He should be panicking. This should be dangerous, even before addressing how limited Tezzeret’s ability to predict her still is, but he finds himself queuing up the argument that he can’t alienate someone as high up as she is who knows his intentions _now_ , before leaving he finds a reason not to be comfortable with the idea.

Logic says: if it came to that, Baltrice is the right combination of supposedly honorable and utterly transparent for her to opt to warn him before she’d go to Bolas. So he could turn her away now and, if necessary, still kill her, and get on with the takeover unnoticed.

He doesn’t want to.

Beyond not wanting to go to the intricate and bloody trouble, or having to negate the effort he spent saving her life. He wants Baltrice alive.

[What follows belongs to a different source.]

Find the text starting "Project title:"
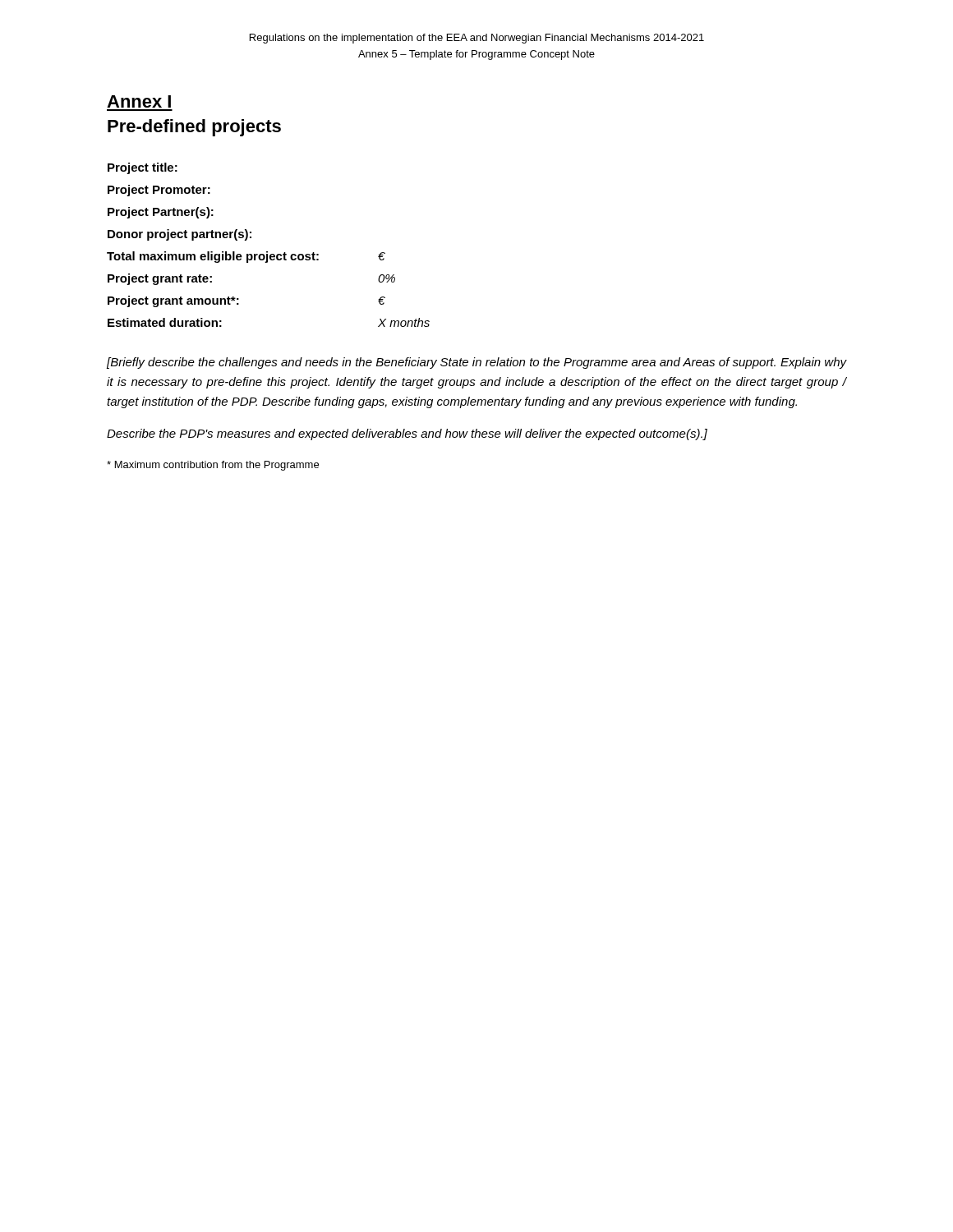Viewport: 953px width, 1232px height. tap(143, 168)
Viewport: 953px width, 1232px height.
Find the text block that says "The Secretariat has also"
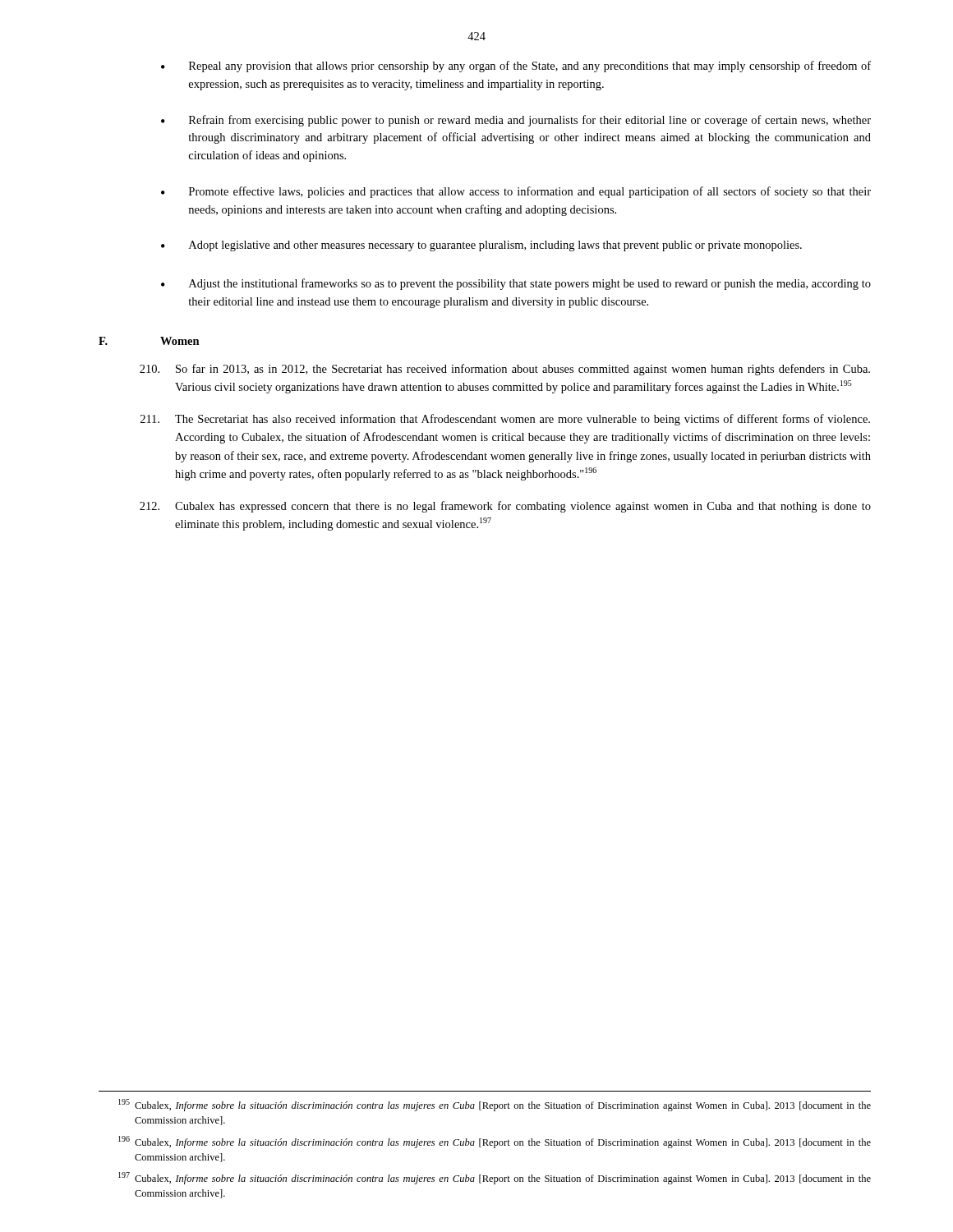[x=485, y=447]

He should be worried, he reminds himself. He should be afraid. But no how hard he tries to be at least uncomfortable, “we” sounds fine.

Tezzeret lets himself decide, and resumes.

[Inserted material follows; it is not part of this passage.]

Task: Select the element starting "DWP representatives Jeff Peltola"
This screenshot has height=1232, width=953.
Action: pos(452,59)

Baltrice is snapping her fingers at him. “Hello? Anyone in there? Preferably Tezzeret?”

“ _We’re_ taking down Bolas?” he says, slow, incredulous.

“You think I didn’t figure you want to?” She seems to realize that wasn’t his actual question after a moment. “And it’s you, so you don’t just want things, I knew you’d have a plan already. And your plans are—” She catches herself. “Usually decent. And. Yeah. Me. Whatever.” She stares fixedly at the wall over his shoulder. “He’s a shitty boss, I don’t think you could be much worse if you tried.”

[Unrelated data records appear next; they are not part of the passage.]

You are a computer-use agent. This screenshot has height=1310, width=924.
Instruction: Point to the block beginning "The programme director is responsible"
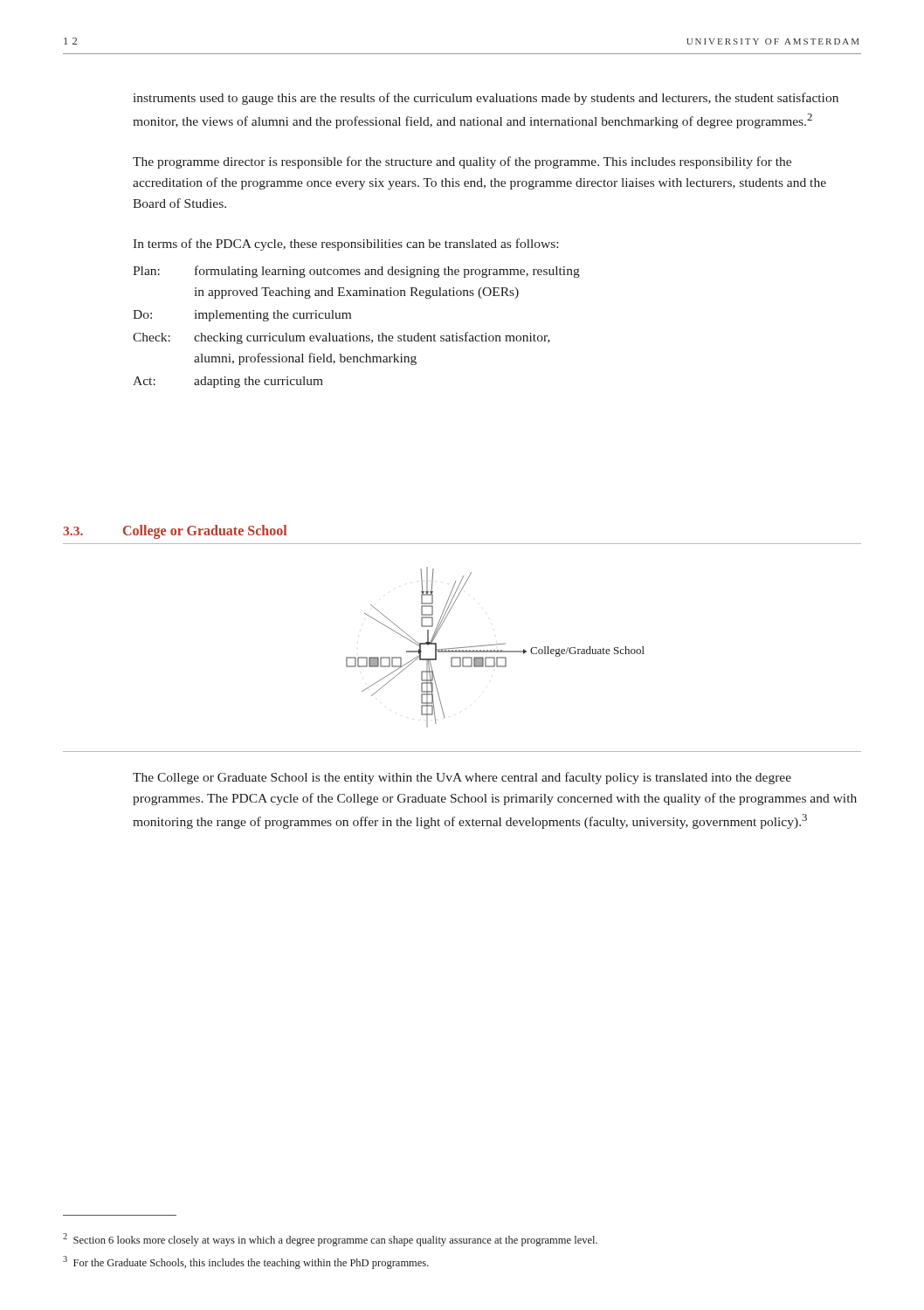(x=480, y=182)
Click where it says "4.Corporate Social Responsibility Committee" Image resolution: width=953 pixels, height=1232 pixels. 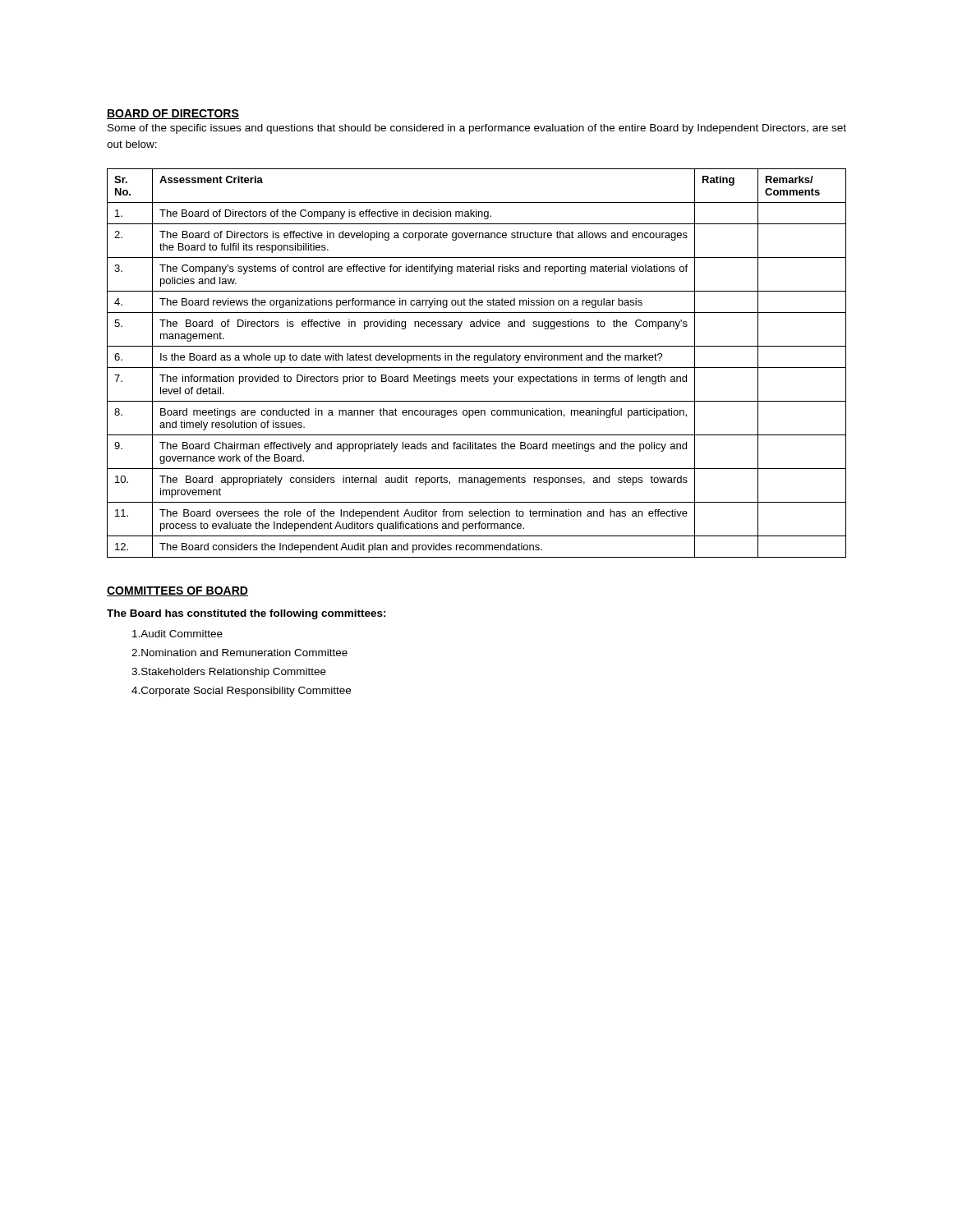pyautogui.click(x=241, y=691)
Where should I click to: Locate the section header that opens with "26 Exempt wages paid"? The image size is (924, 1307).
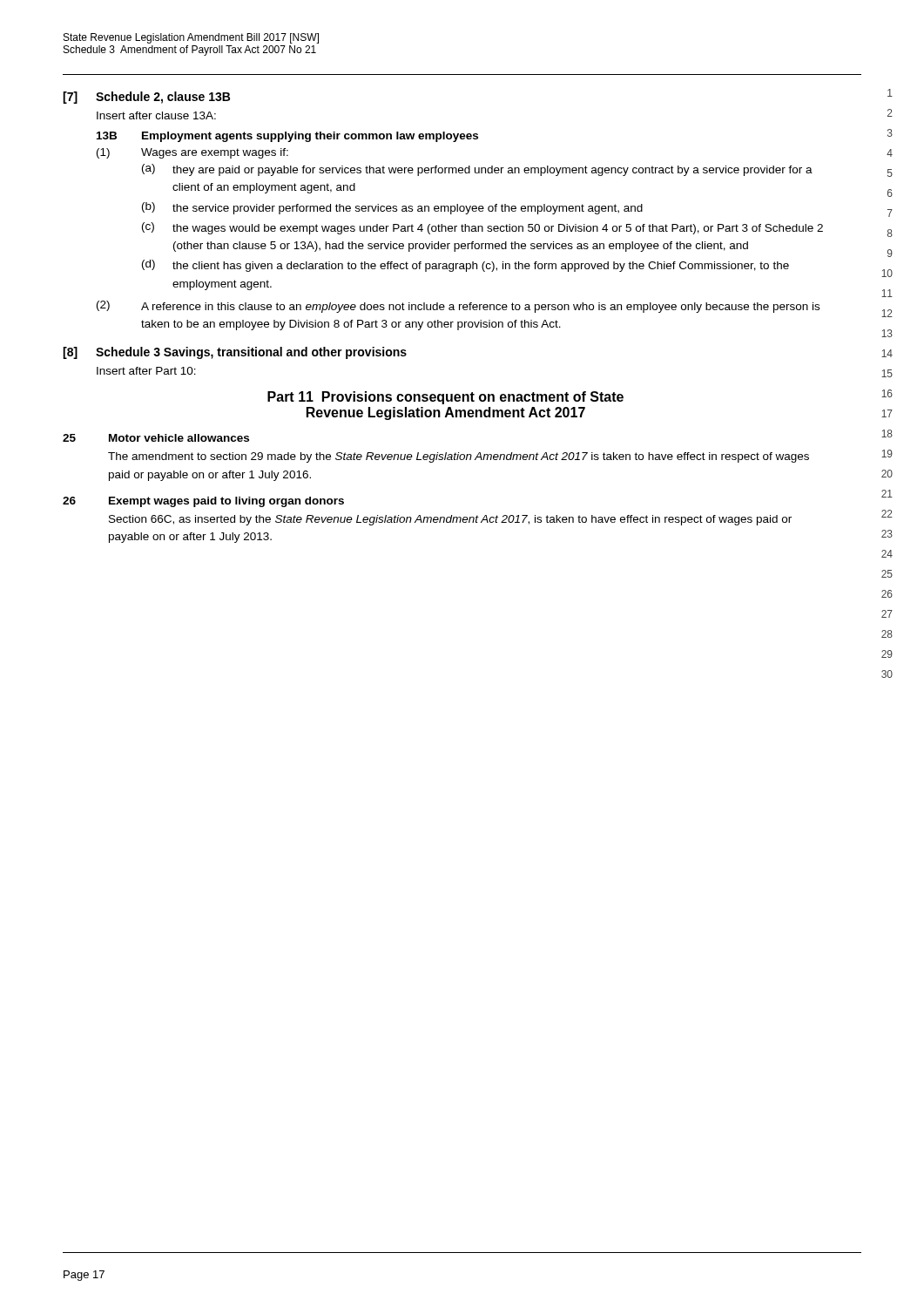coord(204,500)

He laughs; he doesn’t mean to, it feels like it’s being torn out of him, and he’s finally let go, at least for a second, of wondering what the hell is going on. “To be entirely honest, I’m trying to find the right set of objections and they’re not coming. So I guess it’s a plan.”

She grins.

**Author's Note:**

> Fun AU facts: Every time Tezzeret is interrupted while working on something he's redesigning his arm. He doesn't even redesign it that often, the universe just hates him like that.
> 
> Other things that will probably never come up in canon: Baltrice spent several years wearing her hair long (by her standards) for the purpose of dealing with doctors. She hates it, despite the fact that "long" by her definition is "as short as you can get while still technically qualifying as a bob".
> 
> [About that name.](http://www.behindthename.com/name/cionaodh) Baltrice arrived at it through the time-honored tradition of "that thing I like, but not in English".


End file.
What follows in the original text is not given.